:: Task to complete ::
What you return should be the full listing, copied exactly and stripped of its pictures.

=======

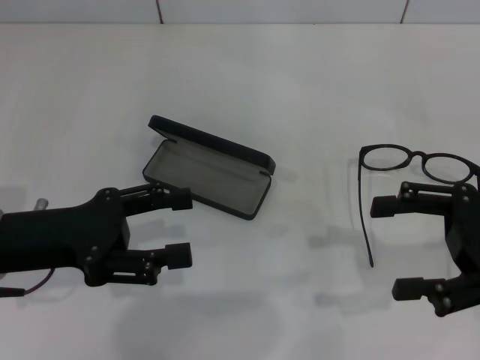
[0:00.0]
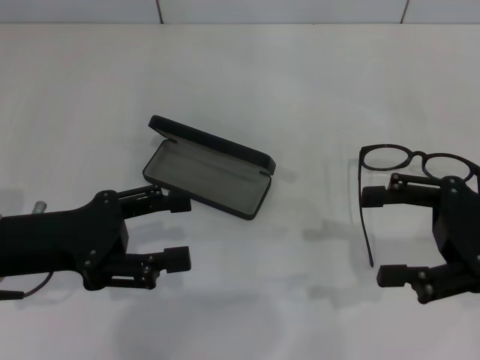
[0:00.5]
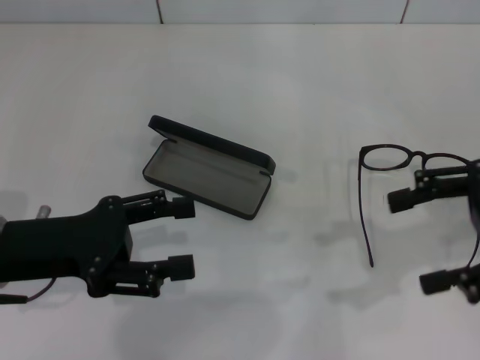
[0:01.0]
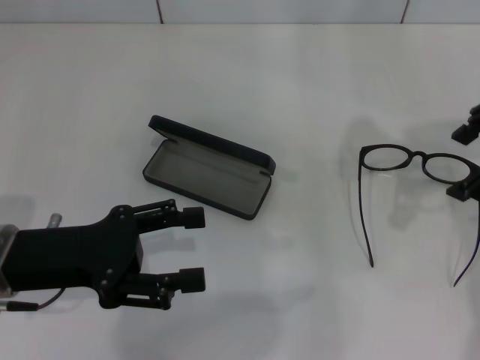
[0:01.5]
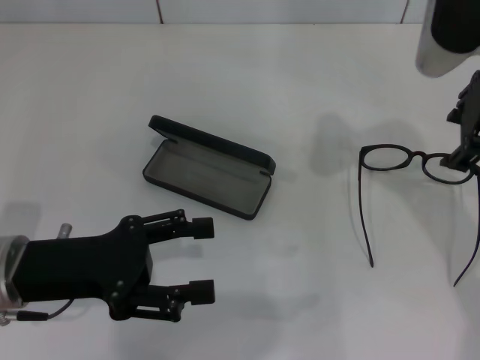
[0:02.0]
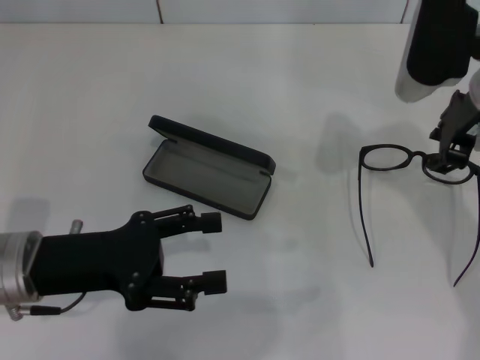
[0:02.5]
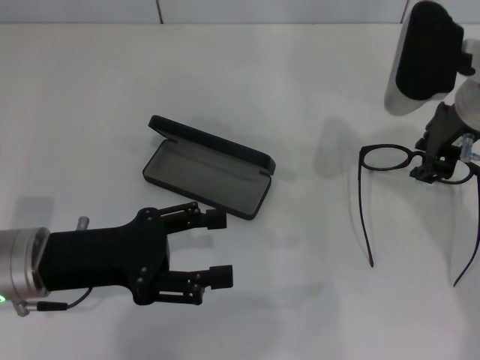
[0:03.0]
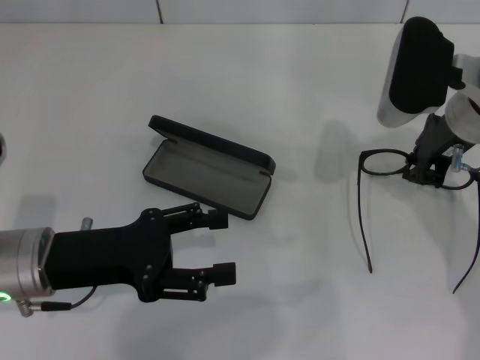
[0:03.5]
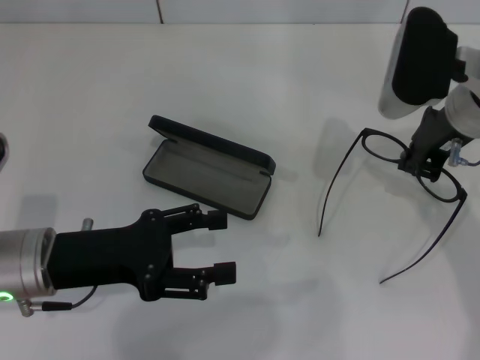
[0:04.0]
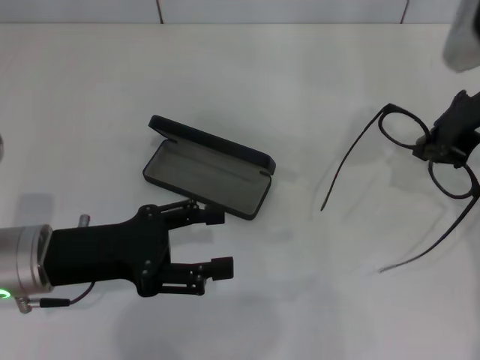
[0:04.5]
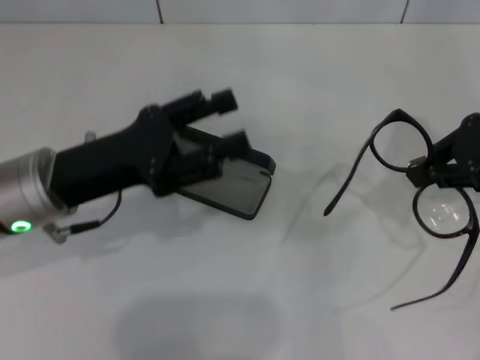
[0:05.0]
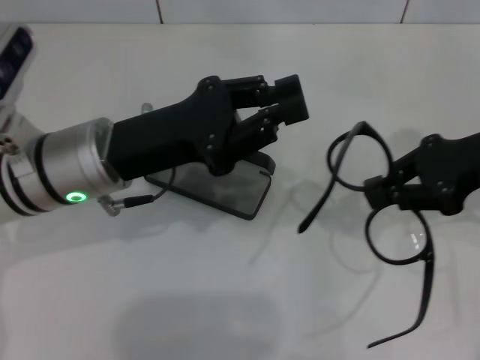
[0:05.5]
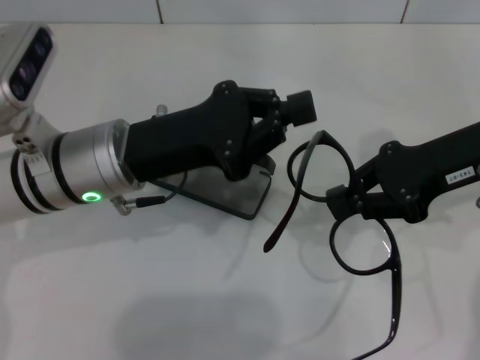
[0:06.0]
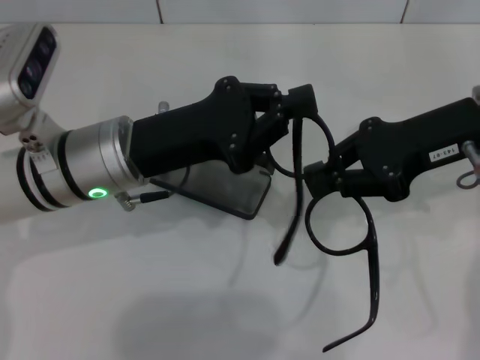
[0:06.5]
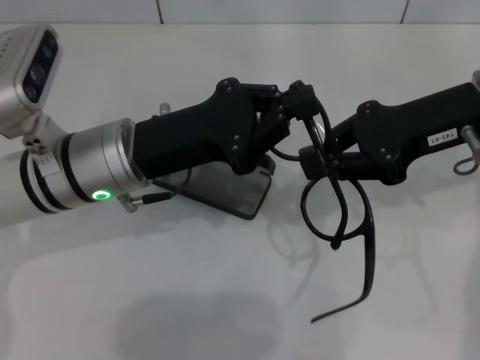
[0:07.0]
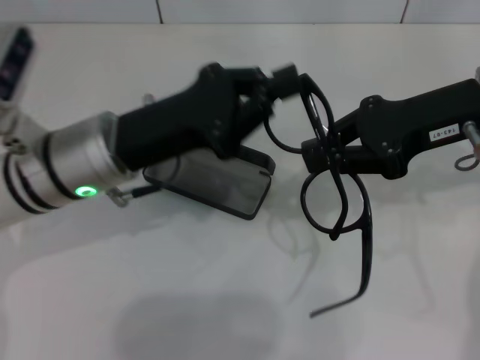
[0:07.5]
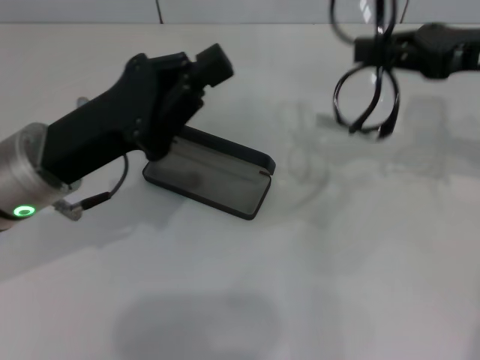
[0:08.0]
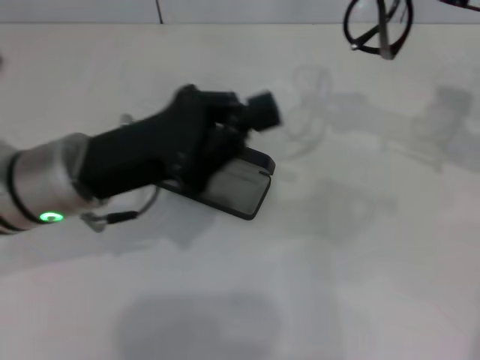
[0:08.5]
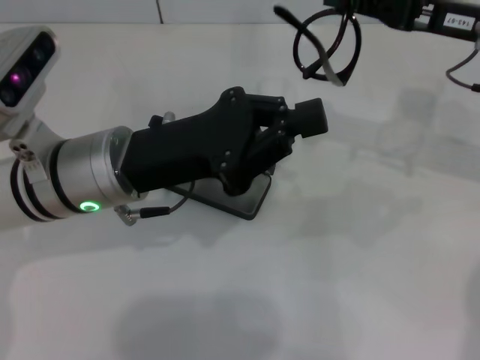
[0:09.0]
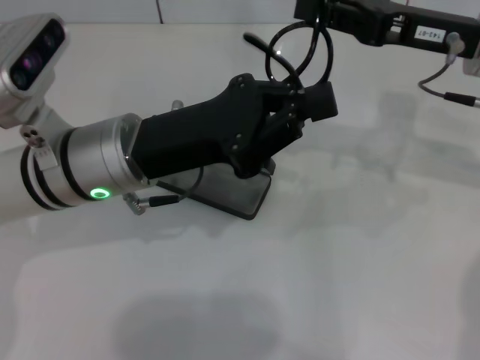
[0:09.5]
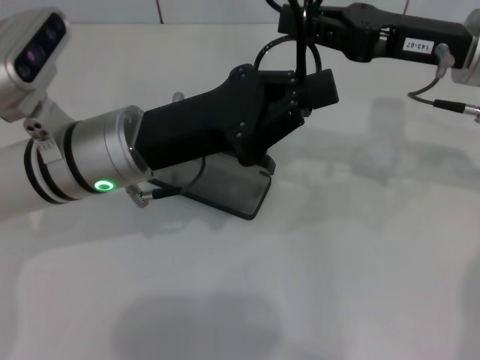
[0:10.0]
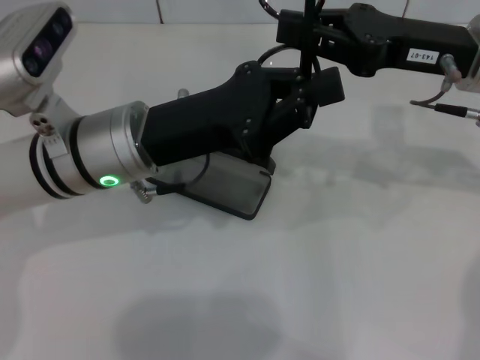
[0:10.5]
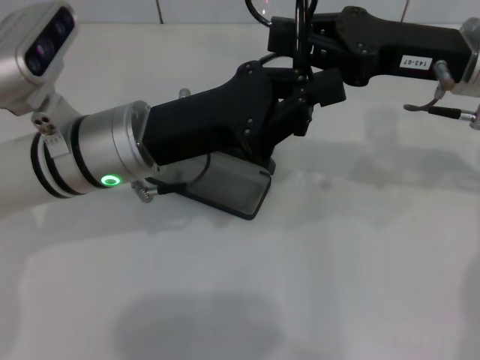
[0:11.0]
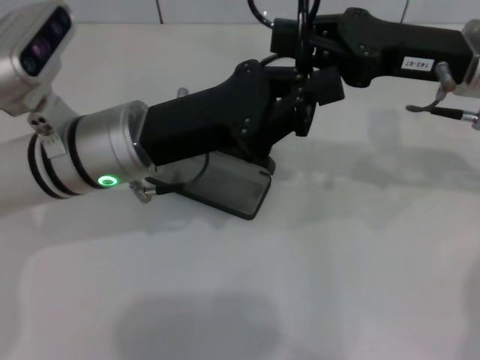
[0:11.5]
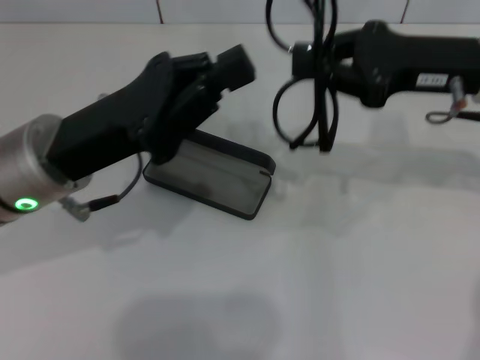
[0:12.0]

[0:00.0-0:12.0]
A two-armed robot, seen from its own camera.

=======

:: Task answer ::
[0:00.0]
[0:00.5]
[0:01.0]
[0:01.5]
[0:02.0]
[0:02.5]
[0:03.0]
[0:03.5]
[0:04.0]
[0:04.5]
[0:05.0]
[0:05.5]
[0:06.0]
[0:06.5]
[0:07.0]
[0:07.5]
[0:08.0]
[0:08.5]
[0:09.0]
[0:09.5]
[0:10.0]
[0:10.5]
[0:11.0]
[0:11.5]
[0:12.0]

[0:00.0-0:12.0]
A two-armed robot, seen from its own camera.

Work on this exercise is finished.